Apple has 500+ stores, 130,000+ employees and $3 billion a month in operating expenses they’ve got to cover. Their net profit margin of about 20% pales in comparison to other companies.
So what? Someone hand Apple a violin. If that means that Apple has to sell a 1TB SSD module for 2-3x the price of a comparable, top-end 1TB M.2 NVME stick (which is more complex as it includes a controller) then that's Apple's problem, not the consumers.

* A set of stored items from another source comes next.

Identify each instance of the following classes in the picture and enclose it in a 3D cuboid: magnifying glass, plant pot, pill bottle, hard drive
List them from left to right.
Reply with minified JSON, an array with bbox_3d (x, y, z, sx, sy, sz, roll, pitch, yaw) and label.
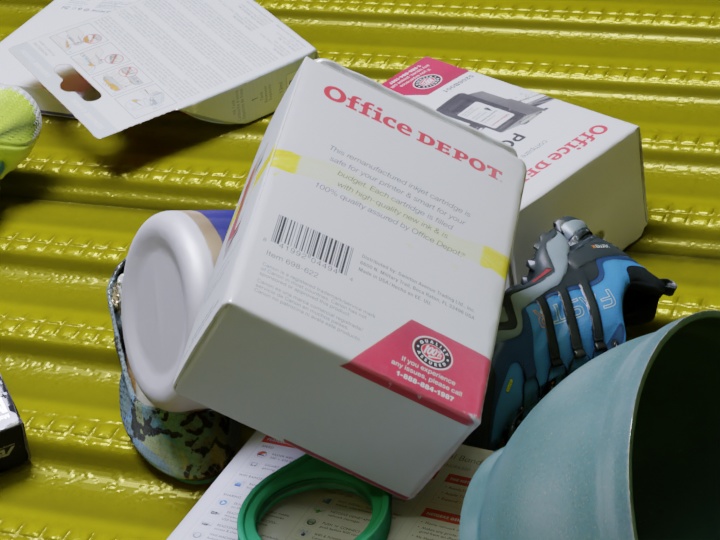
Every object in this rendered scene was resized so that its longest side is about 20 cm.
[{"bbox_3d":[-0.238,-0.194,1.651,0.131,0.026,0.200,9,36,25],"label":"hard drive"},{"bbox_3d":[-0.032,0.021,1.142,0.199,0.117,0.116,-1,26,-30],"label":"pill bottle"},{"bbox_3d":[0.002,0.102,1.047,0.079,0.023,0.200,10,39,27],"label":"magnifying glass"},{"bbox_3d":[0.133,0.132,0.925,0.134,0.201,0.200,-18,21,40],"label":"plant pot"}]

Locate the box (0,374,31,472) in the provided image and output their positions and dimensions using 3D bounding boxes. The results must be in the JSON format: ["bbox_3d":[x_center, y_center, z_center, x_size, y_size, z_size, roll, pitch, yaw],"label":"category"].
[{"bbox_3d":[-0.324,0.081,1.177,0.199,0.044,0.161,-22,57,-18],"label":"box"}]

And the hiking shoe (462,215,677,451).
[{"bbox_3d":[0.117,0.048,1.145,0.086,0.075,0.200,25,53,15],"label":"hiking shoe"}]

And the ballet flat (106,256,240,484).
[{"bbox_3d":[-0.124,0.053,1.200,0.074,0.075,0.200,-16,33,-11],"label":"ballet flat"}]

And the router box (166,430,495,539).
[{"bbox_3d":[0.001,0.159,1.021,0.199,0.049,0.180,10,37,27],"label":"router box"}]

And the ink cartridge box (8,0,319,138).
[{"bbox_3d":[-0.156,-0.161,1.544,0.199,0.057,0.162,-28,45,-22],"label":"ink cartridge box"}]

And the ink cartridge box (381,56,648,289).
[{"bbox_3d":[0.076,-0.060,1.311,0.199,0.084,0.145,22,44,39],"label":"ink cartridge box"}]

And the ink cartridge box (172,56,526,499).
[{"bbox_3d":[0.000,0.000,1.035,0.144,0.084,0.201,25,45,-9],"label":"ink cartridge box"}]

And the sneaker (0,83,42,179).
[{"bbox_3d":[-0.321,-0.055,1.434,0.200,0.076,0.105,-43,10,-23],"label":"sneaker"}]

Of course, the only reason that Apple would put up with a "reduced" 20% margin is if having all of their own retail stores, buying up lots of tech companies, designing their own processors etc. means that it is 20% of a
much bigger pie then they'd have otherwise.
We're talking
retail prices here - someone has designed, BOM'd, manufactured, tested, distributed, warehoused, promoted, advertised, billed, delivered etc. that M.2. stick too, and been paid for it - in fact, Apple should have
saved on that process by having so many of those steps "in house" and eliminating an army of middlemen.
Sure, Apple has some expensive products. But they’re not overpriced, are they?
Yes. $300 for 1TB of SSD (including controller) is expensive. $600 for 1TB of SSD (without a controller) is overpriced.
To be fair, HP, Dell, whoever will also gouge you for branded BTO upgrades but - certainly when you're talking about tower PCs and workstations - at least you have a choice of using standard parts, and their base configs are usually more generous.
Apple have plenty of expensive products (MBPs) quite a few reasonably-priced products (iPads, even the 5k iMac provided you
want $1000 worth of display built in, use external storage and buy your own RAM), then there's the Mac Pro itself - which seems to be the first personal computer ever designed
up to a price so you can argue over whether it is over
priced or just over-specified and over-engineered.
...and Apple decided not to use M.2. slots. A major point of integrating all sorts of functionality into the T2 chip
should be to reduce costs - there's little practical advantage to the user, especially on a tower system that you're not going to leave on the train - if it ends up costing more then either Apple are trousering the savings or they've miscalculated.